- Courtesy of Kaitlin Alford
- Button Bay State Park
When I think of Button Bay and Kingsland Bay State Parks in Ferrisburgh, the first thing that comes to mind are the large picnics, weddings and festivals I've attended there. But, according to my copy of the Sierra Club Guide to the Ancient Forests of the Northeast, both sites also have old-growth forest. So during Vermont Days — an annual weekend in June when state park admission is free — I set out to investigate them.
Most of the old growth my guidebook highlighted at these spots consists of one of my favorite types of forest, known to ecologists as Limestone Bluff Cedar-Pine Forest. These are rare and occur only on cliffs of calcium-rich bedrock, with northern white cedar trees basically growing right out of the rock. Many years ago I read an article in Discover magazine about similar forests along some cliffs near Toronto. Botanists there were startled to discover that some of the diminutive trees growing out of the rocks had tree rings thinner than 0.1 millimeter and were up to 700 years old. The oldest dead tree they found there had been more than 1,600 years old when it died.
I'm not sure how thoroughly the cedars of Lake Champlain's bluffs have been sampled, but my guidebook mentions trees at these parks that are 300 to 500 years old. I imagine that, like in other places in Vermont, the trees that escaped cutting are hard to reach — perhaps only accessible through rock climbing. The botanists found that a tapered-growth form — wide base, thin at the top — was most predictive of great age.
These cliffs are pretty special places. In addition to the impressive age of the old-growth cedars, the Canadian botanists noted extreme conditions, including temperatures ranging as high as 110 degrees Fahrenheit and as low as -20 and plants usually found in Arctic regions.
- Courtesy of Lauren Esserman
- Trees at Button Bay State Park
Button Bay State Park has campgrounds, a playground, a swimming pool, a picnic area and other amenities that might be the highlight of a young child's visit. I am a veteran of many nature outings with my vehicle-obsessed son, who many years later is apt to ask about an amazing natural place we once visited: "Oh, is that the place that had those green golf carts?" I am going to remind us all that this is fine. One of our jobs is to give our kids chances to find their own moments of flow, whatever that may look like.
All we have to do is expose them to nature, model our interest — "Now it's Mom's turn, and we're going to go look for a very old forest" — and ask them, and ourselves, questions about the obvious things we see all the time and don't usually pause to think about.

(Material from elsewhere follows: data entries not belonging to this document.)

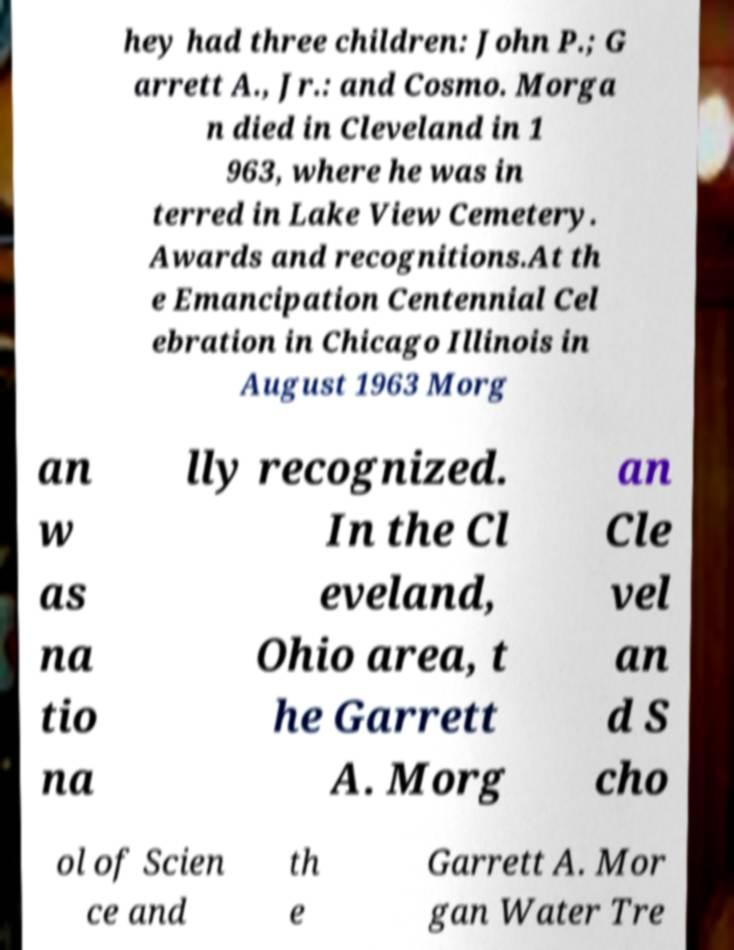Can you accurately transcribe the text from the provided image for me? hey had three children: John P.; G arrett A., Jr.: and Cosmo. Morga n died in Cleveland in 1 963, where he was in terred in Lake View Cemetery. Awards and recognitions.At th e Emancipation Centennial Cel ebration in Chicago Illinois in August 1963 Morg an w as na tio na lly recognized. In the Cl eveland, Ohio area, t he Garrett A. Morg an Cle vel an d S cho ol of Scien ce and th e Garrett A. Mor gan Water Tre 
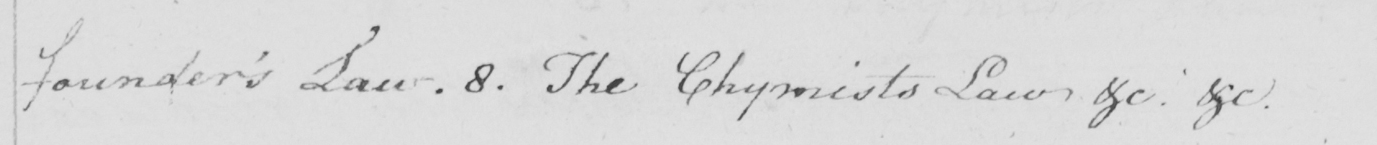Can you read and transcribe this handwriting? founder ' s Law . 8 . The Chymists Law &c . &c . 
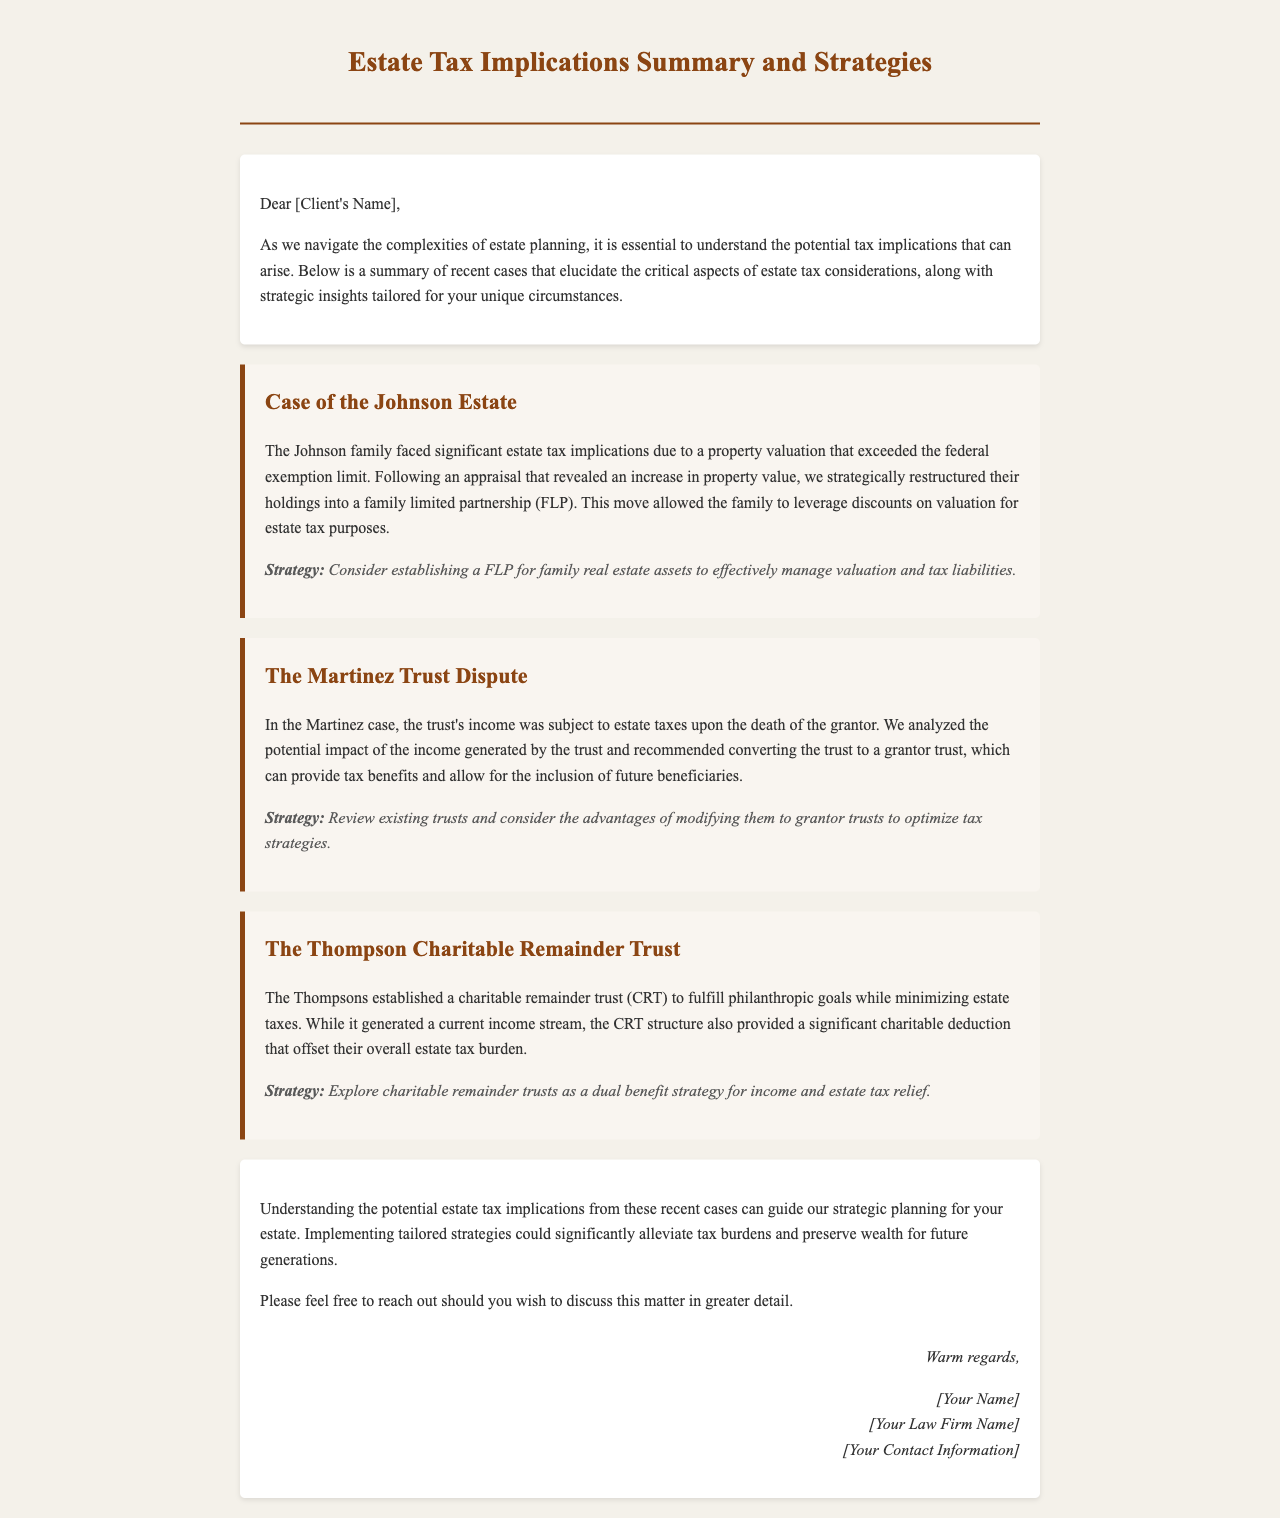What was the main issue faced by the Johnson family? The main issue faced by the Johnson family was significant estate tax implications due to a property valuation that exceeded the federal exemption limit.
Answer: property valuation What strategy was recommended for the Johnson Estate? The recommended strategy for the Johnson Estate was to establish a family limited partnership (FLP) for family real estate assets.
Answer: establish a FLP What type of trust was discussed in the Martinez case? The type of trust discussed in the Martinez case was a grantor trust.
Answer: grantor trust What benefit did the Thompsons achieve through their charitable remainder trust? The benefit achieved through the charitable remainder trust was a significant charitable deduction that offset their overall estate tax burden.
Answer: charitable deduction How many cases are summarized in the document? The document summarizes three cases: Johnson Estate, Martinez Trust Dispute, and Thompson Charitable Remainder Trust.
Answer: three cases What is the overall purpose of the document? The overall purpose of the document is to summarize estate tax implications and recommend strategies.
Answer: summarize estate tax implications Who is the intended recipient of this document? The intended recipient of this document is [Client's Name].
Answer: [Client's Name] What is the primary subject matter of this document? The primary subject matter of this document is estate tax implications summary and strategies.
Answer: estate tax implications

For example, How can a tree grow out of rock? Answer: According to the Canadian botanists, they grow by taking advantage of tiny pockets of soil and moisture found in indentations in the rock, along with phosphorus and nitrogen collected by fungi that infiltrate the tree's roots — and perhaps even from algae that grow inside the rocks.
Why does a tree have rings, anyway? Answer: Because trees put on new growth each year. They grow fastest in the late spring and early summer, adding larger, lighter-colored cells, and slower in the late summer and fall, adding smaller, darker-colored cells.
I have to believe that these teachable moments will eventually amount to something meaningful.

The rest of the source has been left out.